SPACE/COSMOS
Astronomers detect ancient lonely quasars with murky origins
The quasars appear to have few cosmic neighbors, raising questions about how they first emerged more than 13 billion years ago.
Massachusetts Institute of Technology
image:
This image, taken by NASA’s James Webb Space Telescope, shows an ancient quasar (circled in red) with fewer than expected neighboring galaxies (bright blobs), challenging physicists’ understanding of how the first quasars and supermassive black holes formed.
view moreCredit: Christina Eilers/EIGER team
A quasar is the extremely bright core of a galaxy that hosts an active supermassive black hole at its center.

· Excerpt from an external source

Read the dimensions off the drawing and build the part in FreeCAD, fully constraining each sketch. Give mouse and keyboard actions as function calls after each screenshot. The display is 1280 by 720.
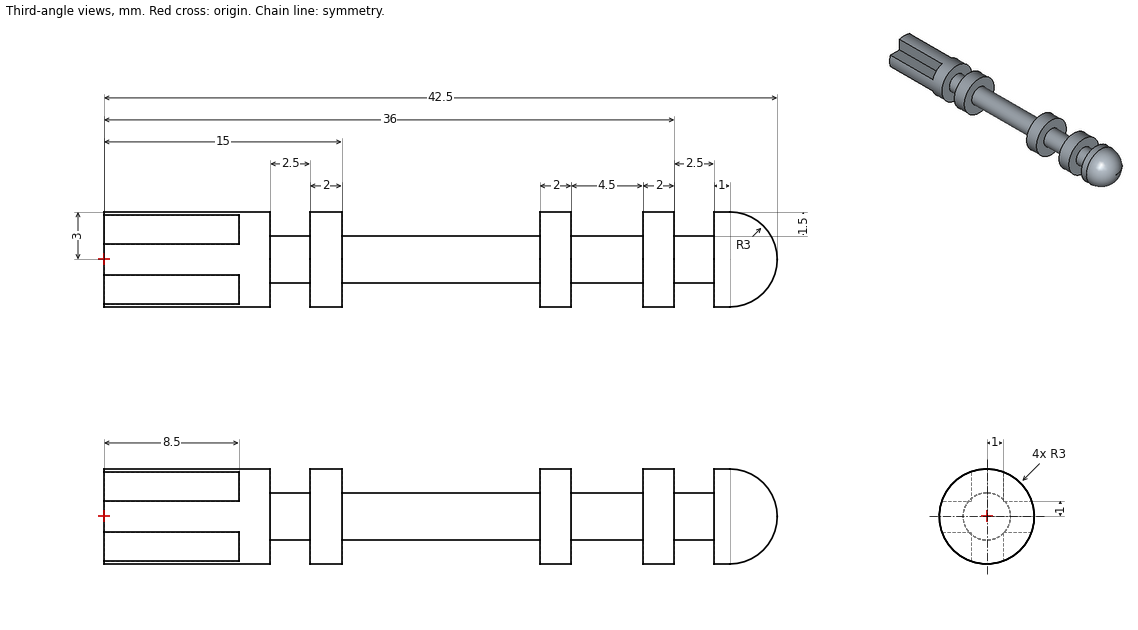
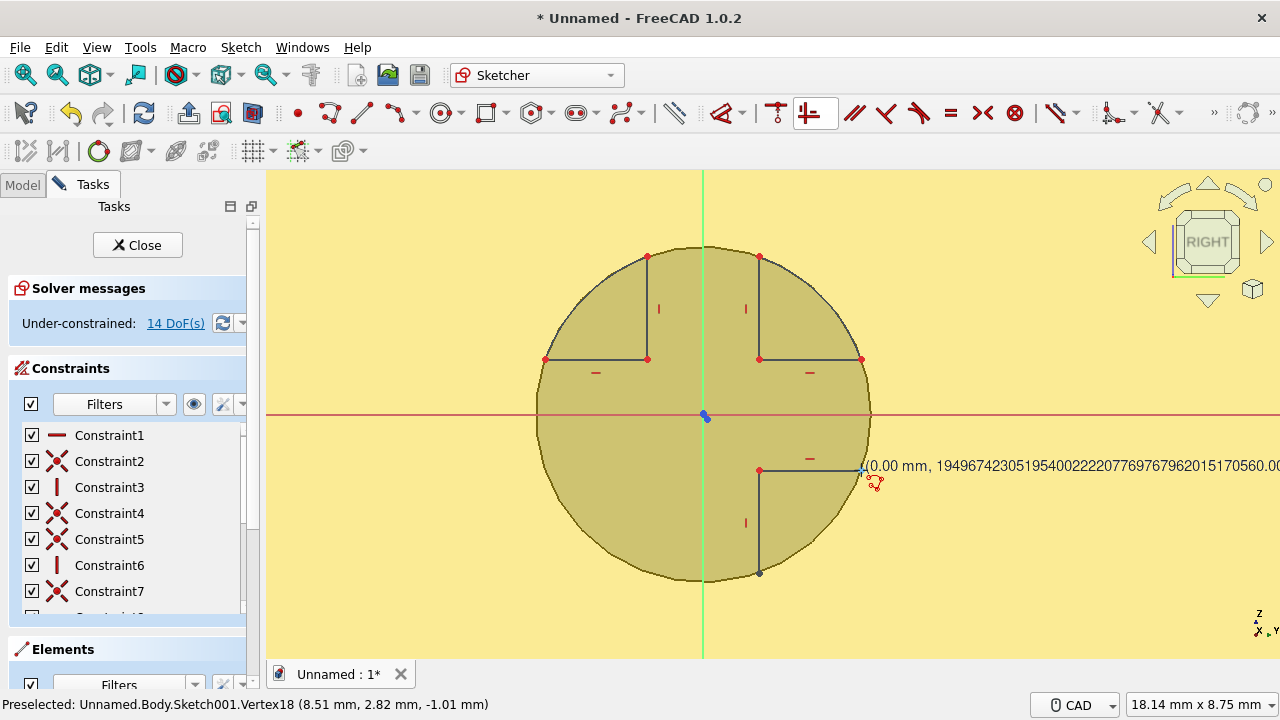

As the black hole draws in surrounding gas and dust, it blasts out an enormous amount of energy, making quasars some of the brightest objects in the universe. Quasars have been observed as early as a few hundred million years after the Big Bang, and it’s been a mystery as to how these objects could have grown so bright and massive in such a short amount of cosmic time.
Scientists have proposed that the earliest quasars sprang from overly dense regions of primordial matter, which would also have produced many smaller galaxies in the quasars’ environment. But in a new MIT-led study, astronomers observed some ancient quasars that appear to be surprisingly alone in the early universe.
The astronomers used NASA’s James Webb Space Telescope (JWST) to peer back in time, more than 13 billion years, to study the cosmic surroundings of five known ancient quasars. They found a surprising variety in their neighborhoods, or “quasar fields.” While some quasars reside in very crowded fields with more than 50 neighboring galaxies, as all models predict, the remaining quasars appear to drift in voids, with only a few stray galaxies in their vicinity.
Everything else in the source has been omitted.